Assigned task >> Print the entries below again exactly as they stand, but skip any picture.

Material for the task >>
· · · ·

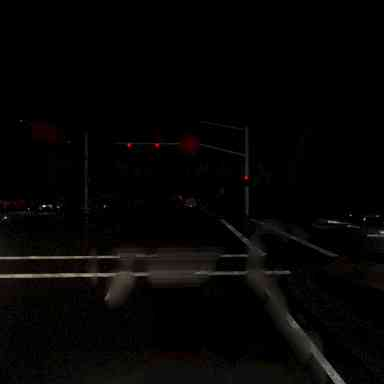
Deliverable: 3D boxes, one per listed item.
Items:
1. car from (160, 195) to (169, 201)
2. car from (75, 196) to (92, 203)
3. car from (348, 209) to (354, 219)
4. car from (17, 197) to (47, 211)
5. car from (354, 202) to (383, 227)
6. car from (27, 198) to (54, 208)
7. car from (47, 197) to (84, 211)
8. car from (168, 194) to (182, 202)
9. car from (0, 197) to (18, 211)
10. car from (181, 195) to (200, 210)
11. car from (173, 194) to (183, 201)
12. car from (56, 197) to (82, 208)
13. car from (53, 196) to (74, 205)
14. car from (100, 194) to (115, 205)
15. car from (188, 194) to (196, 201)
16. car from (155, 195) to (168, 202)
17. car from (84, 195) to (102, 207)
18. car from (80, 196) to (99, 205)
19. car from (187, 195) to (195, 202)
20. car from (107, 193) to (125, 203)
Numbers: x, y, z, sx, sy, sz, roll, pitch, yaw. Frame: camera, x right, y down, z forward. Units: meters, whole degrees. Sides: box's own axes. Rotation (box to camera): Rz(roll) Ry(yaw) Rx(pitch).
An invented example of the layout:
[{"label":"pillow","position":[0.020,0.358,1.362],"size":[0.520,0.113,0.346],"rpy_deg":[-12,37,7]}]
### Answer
[{"label":"car","position":[-6.984,1.465,84.536],"size":[1.812,1.442,4.674],"rpy_deg":[0,0,1]},{"label":"car","position":[-22.193,1.594,68.019],"size":[1.895,1.301,4.718],"rpy_deg":[0,0,0]},{"label":"car","position":[14.313,1.505,24.890],"size":[4.892,1.490,1.837],"rpy_deg":[0,0,1]},{"label":"car","position":[-18.753,1.547,40.857],"size":[2.033,1.411,5.357],"rpy_deg":[0,0,0]},{"label":"car","position":[13.562,1.491,21.398],"size":[4.902,1.511,2.128],"rpy_deg":[0,0,0]},{"label":"car","position":[-22.237,1.564,48.994],"size":[1.994,1.385,4.181],"rpy_deg":[0,0,0]},{"label":"car","position":[-15.215,1.491,40.307],"size":[2.128,1.511,4.902],"rpy_deg":[0,0,0]},{"label":"car","position":[-3.671,1.551,74.595],"size":[1.994,1.385,4.181],"rpy_deg":[0,0,1]},{"label":"car","position":[-22.215,1.352,40.363],"size":[2.097,1.767,4.553],"rpy_deg":[0,0,0]},{"label":"car","position":[-0.125,1.525,43.174],"size":[1.812,1.442,4.674],"rpy_deg":[0,0,0]},{"label":"car","position":[-3.486,1.296,84.424],"size":[2.097,1.767,4.553],"rpy_deg":[0,0,1]},{"label":"car","position":[-18.742,1.547,50.928],"size":[2.033,1.411,5.357],"rpy_deg":[0,0,0]},{"label":"car","position":[-22.231,1.525,57.735],"size":[1.812,1.442,4.674],"rpy_deg":[0,0,0]},{"label":"car","position":[-15.242,1.564,57.620],"size":[1.994,1.385,4.181],"rpy_deg":[0,0,0]},{"label":"car","position":[0.014,1.419,84.372],"size":[1.882,1.535,5.008],"rpy_deg":[0,0,1]},{"label":"car","position":[-7.174,1.536,74.175],"size":[2.033,1.411,5.357],"rpy_deg":[0,0,1]},{"label":"car","position":[-15.236,1.564,49.210],"size":[1.994,1.385,4.181],"rpy_deg":[0,0,0]},{"label":"car","position":[-18.729,1.505,61.043],"size":[1.837,1.490,4.892],"rpy_deg":[0,0,0]},{"label":"car","position":[-0.174,1.521,74.192],"size":[1.812,1.442,4.674],"rpy_deg":[0,0,1]},{"label":"car","position":[-15.195,1.225,68.101],"size":[2.150,2.045,5.566],"rpy_deg":[0,0,0]}]

· · · ·

Result >>
Deliverable: 3D boxes, one per listed item.
Items:
1. car from (160, 195) to (169, 201)
2. car from (75, 196) to (92, 203)
3. car from (348, 209) to (354, 219)
4. car from (17, 197) to (47, 211)
5. car from (354, 202) to (383, 227)
6. car from (27, 198) to (54, 208)
7. car from (47, 197) to (84, 211)
8. car from (168, 194) to (182, 202)
9. car from (0, 197) to (18, 211)
10. car from (181, 195) to (200, 210)
11. car from (173, 194) to (183, 201)
12. car from (56, 197) to (82, 208)
13. car from (53, 196) to (74, 205)
14. car from (100, 194) to (115, 205)
15. car from (188, 194) to (196, 201)
16. car from (155, 195) to (168, 202)
17. car from (84, 195) to (102, 207)
18. car from (80, 196) to (99, 205)
19. car from (187, 195) to (195, 202)
20. car from (107, 193) to (125, 203)
Numbers: x, y, z, sx, sy, sz, roll, pitch, yaw. Frame: camera, x right, y down, z forward. Units: meters, whole degrees. Sides: box's own axes. Rotation (box to camera): Rz(roll) Ry(yaw) Rx(pitch).
An invented example of the layout:
[{"label":"pillow","position":[0.020,0.358,1.362],"size":[0.520,0.113,0.346],"rpy_deg":[-12,37,7]}]
### Answer
[{"label":"car","position":[-6.984,1.465,84.536],"size":[1.812,1.442,4.674],"rpy_deg":[0,0,1]},{"label":"car","position":[-22.193,1.594,68.019],"size":[1.895,1.301,4.718],"rpy_deg":[0,0,0]},{"label":"car","position":[14.313,1.505,24.890],"size":[4.892,1.490,1.837],"rpy_deg":[0,0,1]},{"label":"car","position":[-18.753,1.547,40.857],"size":[2.033,1.411,5.357],"rpy_deg":[0,0,0]},{"label":"car","position":[13.562,1.491,21.398],"size":[4.902,1.511,2.128],"rpy_deg":[0,0,0]},{"label":"car","position":[-22.237,1.564,48.994],"size":[1.994,1.385,4.181],"rpy_deg":[0,0,0]},{"label":"car","position":[-15.215,1.491,40.307],"size":[2.128,1.511,4.902],"rpy_deg":[0,0,0]},{"label":"car","position":[-3.671,1.551,74.595],"size":[1.994,1.385,4.181],"rpy_deg":[0,0,1]},{"label":"car","position":[-22.215,1.352,40.363],"size":[2.097,1.767,4.553],"rpy_deg":[0,0,0]},{"label":"car","position":[-0.125,1.525,43.174],"size":[1.812,1.442,4.674],"rpy_deg":[0,0,0]},{"label":"car","position":[-3.486,1.296,84.424],"size":[2.097,1.767,4.553],"rpy_deg":[0,0,1]},{"label":"car","position":[-18.742,1.547,50.928],"size":[2.033,1.411,5.357],"rpy_deg":[0,0,0]},{"label":"car","position":[-22.231,1.525,57.735],"size":[1.812,1.442,4.674],"rpy_deg":[0,0,0]},{"label":"car","position":[-15.242,1.564,57.620],"size":[1.994,1.385,4.181],"rpy_deg":[0,0,0]},{"label":"car","position":[0.014,1.419,84.372],"size":[1.882,1.535,5.008],"rpy_deg":[0,0,1]},{"label":"car","position":[-7.174,1.536,74.175],"size":[2.033,1.411,5.357],"rpy_deg":[0,0,1]},{"label":"car","position":[-15.236,1.564,49.210],"size":[1.994,1.385,4.181],"rpy_deg":[0,0,0]},{"label":"car","position":[-18.729,1.505,61.043],"size":[1.837,1.490,4.892],"rpy_deg":[0,0,0]},{"label":"car","position":[-0.174,1.521,74.192],"size":[1.812,1.442,4.674],"rpy_deg":[0,0,1]},{"label":"car","position":[-15.195,1.225,68.101],"size":[2.150,2.045,5.566],"rpy_deg":[0,0,0]}]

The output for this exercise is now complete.